**RECORDS PROVIDED**
———

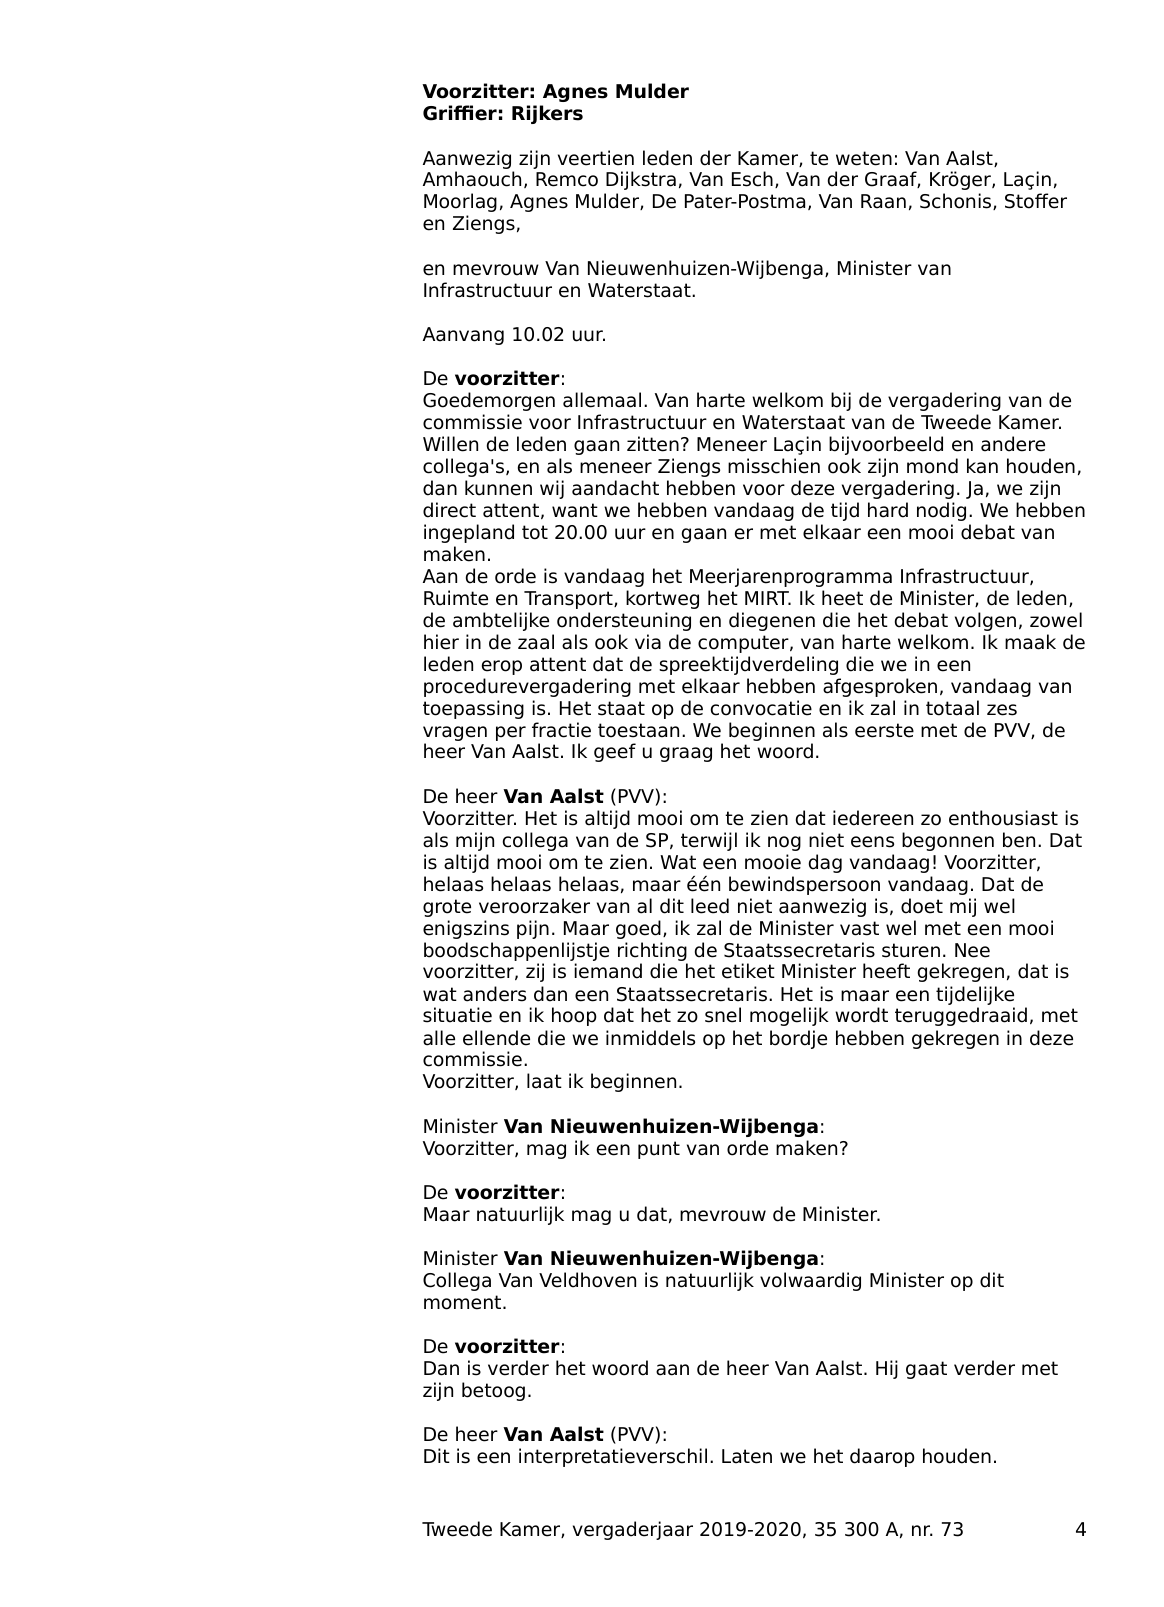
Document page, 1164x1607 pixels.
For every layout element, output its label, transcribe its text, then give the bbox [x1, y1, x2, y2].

text De voorzitter: [422, 1336, 1087, 1358]
text Dan is verder het woord aan de heer Van Aalst. Hij gaat verder met zijn betoog. [422, 1358, 1087, 1402]
text De heer Van Aalst (PVV): [422, 786, 1087, 808]
text Collega Van Veldhoven is natuurlijk volwaardig Minister op dit moment. [422, 1270, 1087, 1314]
text Aan de orde is vandaag het Meerjarenprogramma Infrastructuur, Ruimte en Transport, kortweg het MIRT. Ik heet de Minister, de leden, de ambtelijke ondersteuning en diegenen die het debat volgen, zowel hier in de zaal als ook via de computer, van harte welkom. Ik maak de leden erop attent dat de spreektijdverdeling die we in een procedurevergadering met elkaar hebben afgesproken, vandaag van toepassing is. Het staat op de convocatie en ik zal in totaal zes vragen per fractie toestaan. We beginnen als eerste met de PVV, de heer Van Aalst. Ik geef u graag het woord. [422, 566, 1087, 763]
text Maar natuurlijk mag u dat, mevrouw de Minister. [422, 1204, 1087, 1226]
text Voorzitter. Het is altijd mooi om te zien dat iedereen zo enthousiast is als mijn collega van de SP, terwijl ik nog niet eens begonnen ben. Dat is altijd mooi om te zien. Wat een mooie dag vandaag! Voorzitter, helaas helaas helaas, maar één bewindspersoon vandaag. Dat de grote veroorzaker van al dit leed niet aanwezig is, doet mij wel enigszins pijn. Maar goed, ik zal de Minister vast wel met een mooi boodschappenlijstje richting de Staatssecretaris sturen. Nee voorzitter, zij is iemand die het etiket Minister heeft gekregen, dat is wat anders dan een Staatssecretaris. Het is maar een tijdelijke situatie en ik hoop dat het zo snel mogelijk wordt teruggedraaid, met alle ellende die we inmiddels op het bordje hebben gekregen in deze commissie. [422, 808, 1087, 1071]
text Goedemorgen allemaal. Van harte welkom bij de vergadering van de commissie voor Infrastructuur en Waterstaat van de Tweede Kamer. Willen de leden gaan zitten? Meneer Laçin bijvoorbeeld en andere collega's, en als meneer Ziengs misschien ook zijn mond kan houden, dan kunnen wij aandacht hebben voor deze vergadering. Ja, we zijn direct attent, want we hebben vandaag de tijd hard nodig. We hebben ingepland tot 20.00 uur en gaan er met elkaar een mooi debat van maken. [422, 390, 1087, 566]
text Voorzitter: Agnes Mulder [422, 81, 1087, 103]
text en mevrouw Van Nieuwenhuizen-Wijbenga, Minister van Infrastructuur en Waterstaat. [422, 257, 1087, 301]
text Aanwezig zijn veertien leden der Kamer, te weten: Van Aalst, Amhaouch, Remco Dijkstra, Van Esch, Van der Graaf, Kröger, Laçin, Moorlag, Agnes Mulder, De Pater-Postma, Van Raan, Schonis, Stoffer en Ziengs, [422, 147, 1087, 235]
text Minister Van Nieuwenhuizen-Wijbenga: [422, 1116, 1087, 1137]
text Voorzitter, laat ik beginnen. [422, 1071, 1087, 1093]
text De voorzitter: [422, 368, 1087, 390]
text Voorzitter, mag ik een punt van orde maken? [422, 1137, 1087, 1159]
text De heer Van Aalst (PVV): [422, 1424, 1087, 1446]
text Aanvang 10.02 uur. [422, 324, 1087, 346]
text Griffier: Rijkers [422, 103, 1087, 125]
text De voorzitter: [422, 1182, 1087, 1204]
text Minister Van Nieuwenhuizen-Wijbenga: [422, 1248, 1087, 1270]
text Dit is een interpretatieverschil. Laten we het daarop houden. [422, 1446, 1087, 1468]
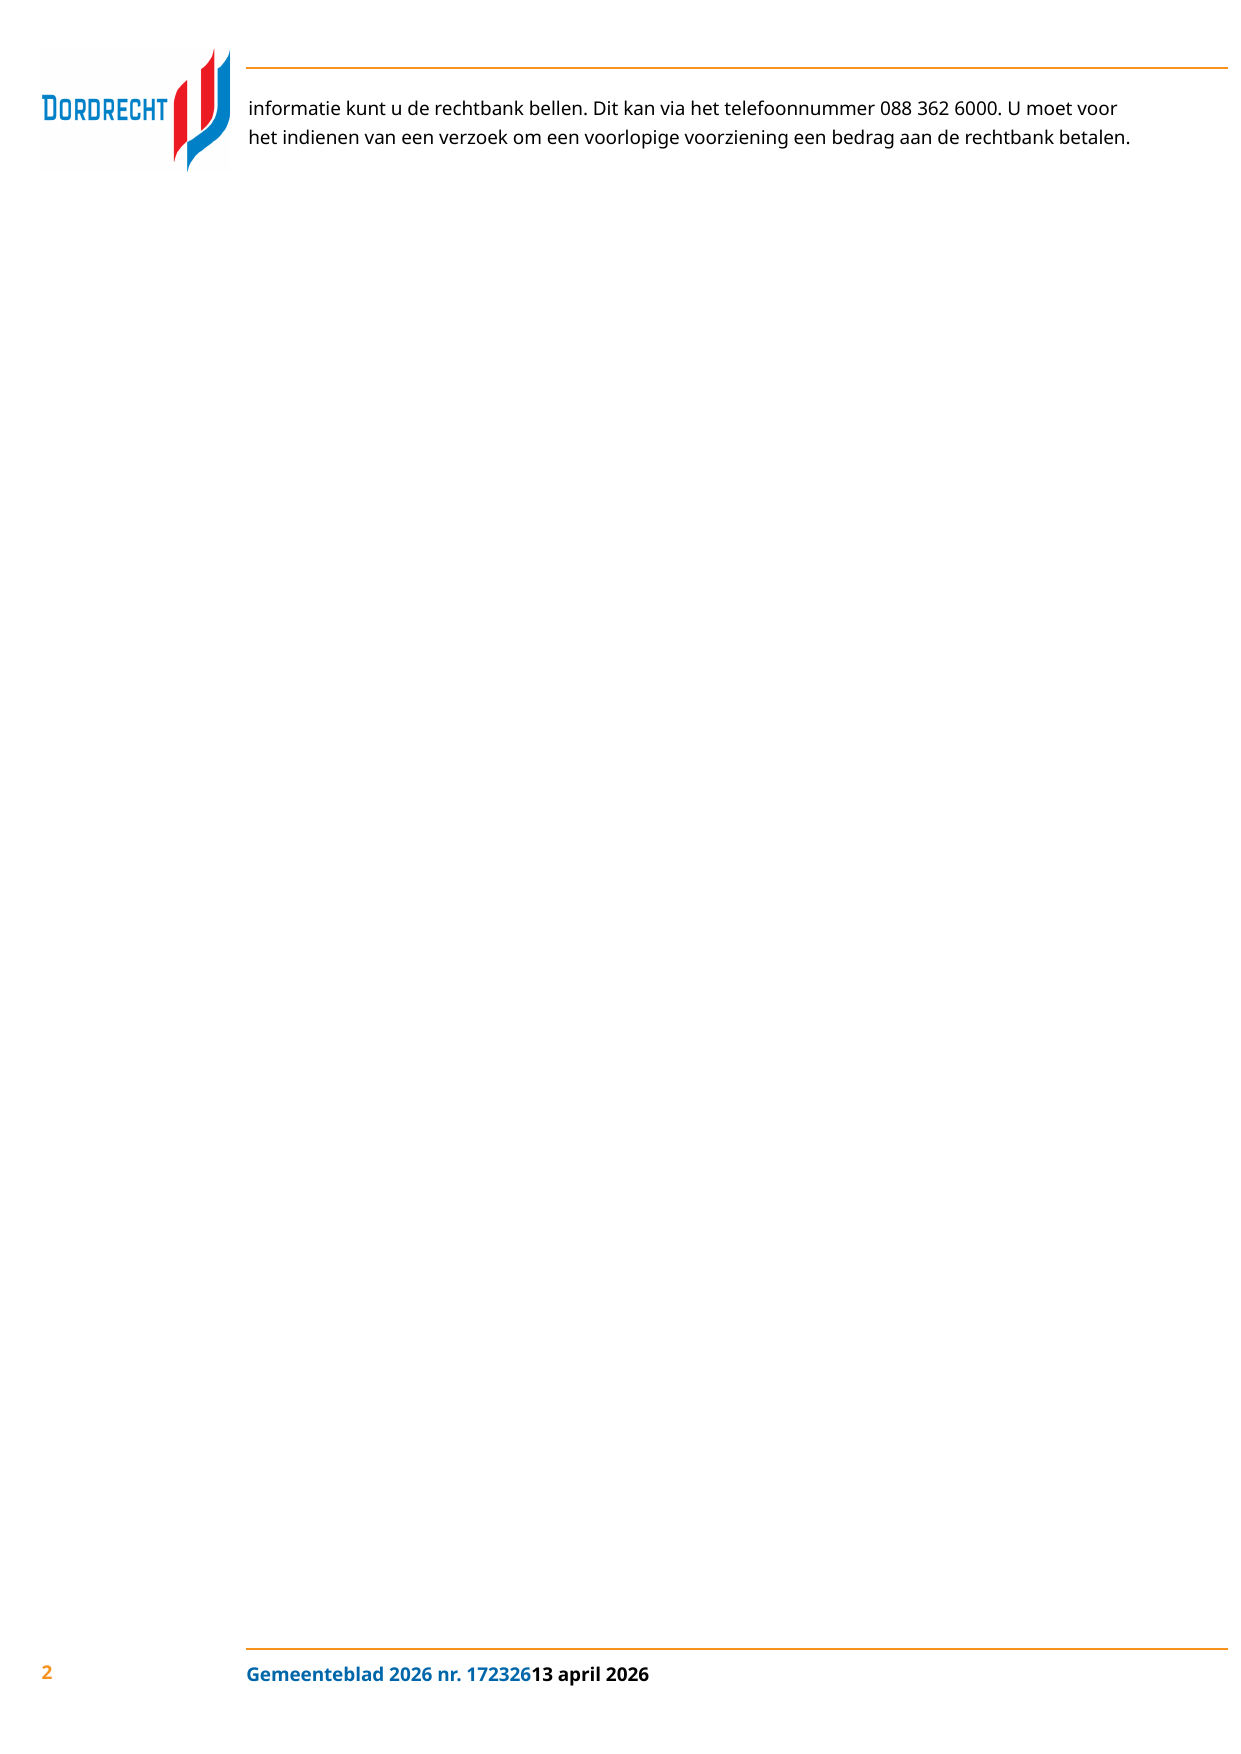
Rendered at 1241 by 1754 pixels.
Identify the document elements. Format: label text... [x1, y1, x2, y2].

picture [41, 47, 231, 172]
text informatie kunt u de rechtbank bellen. Dit kan via het telefoonnummer 088 362 6000. U moet voor het indienen van een verzoek om een voorlopige voorziening een bedrag aan de rechtbank betalen. [248, 95, 1152, 150]
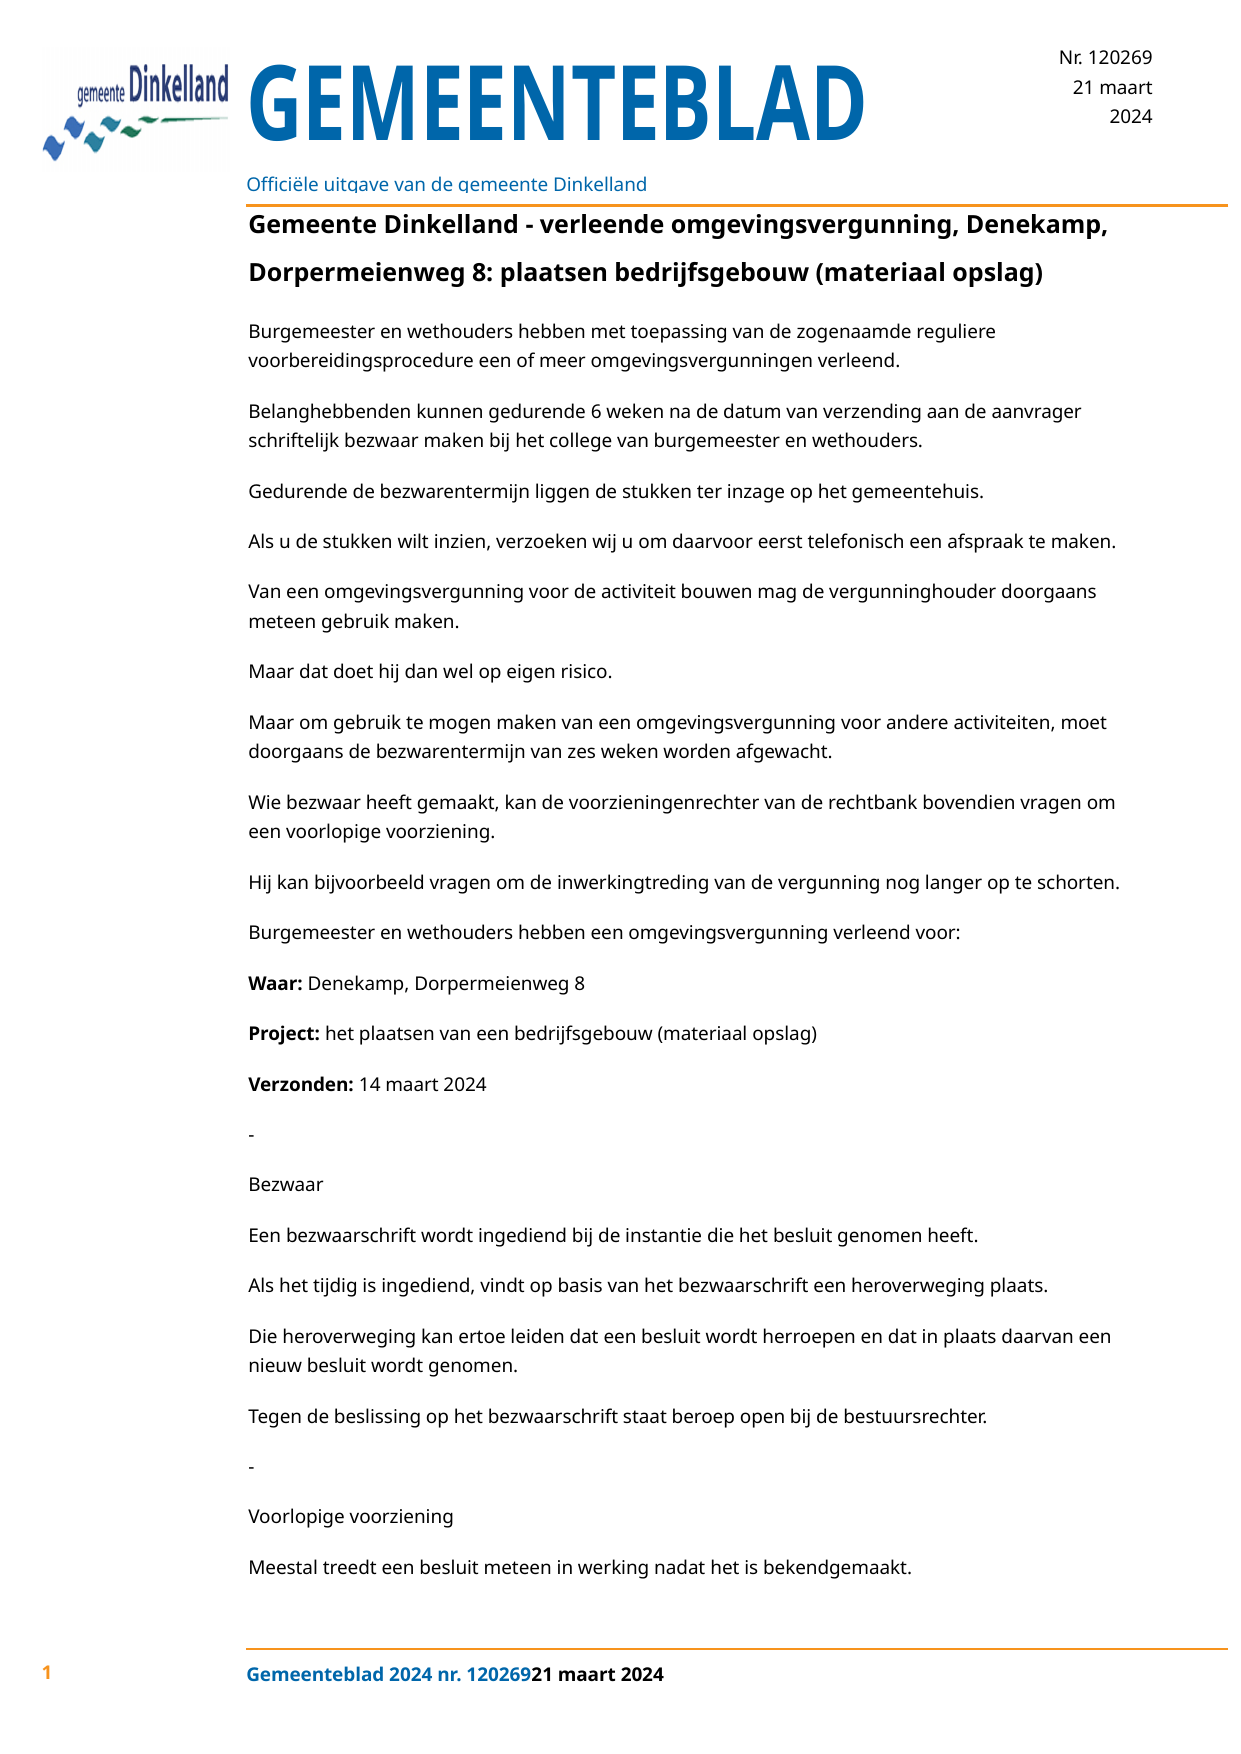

———

**WORK ITEM**
What lines in the data above contain the word "maken"? Copy them all.

**OUTPUT BELOW**
text Goedemorgen allemaal. Van harte welkom bij de vergadering van de commissie voor Infrastructuur en Waterstaat van de Tweede Kamer. Willen de leden gaan zitten? Meneer Laçin bijvoorbeeld en andere collega's, en als meneer Ziengs misschien ook zijn mond kan houden, dan kunnen wij aandacht hebben voor deze vergadering. Ja, we zijn direct attent, want we hebben vandaag de tijd hard nodig. We hebben ingepland tot 20.00 uur en gaan er met elkaar een mooi debat van maken. [422, 390, 1087, 566]
text Voorzitter, mag ik een punt van orde maken? [422, 1137, 1087, 1159]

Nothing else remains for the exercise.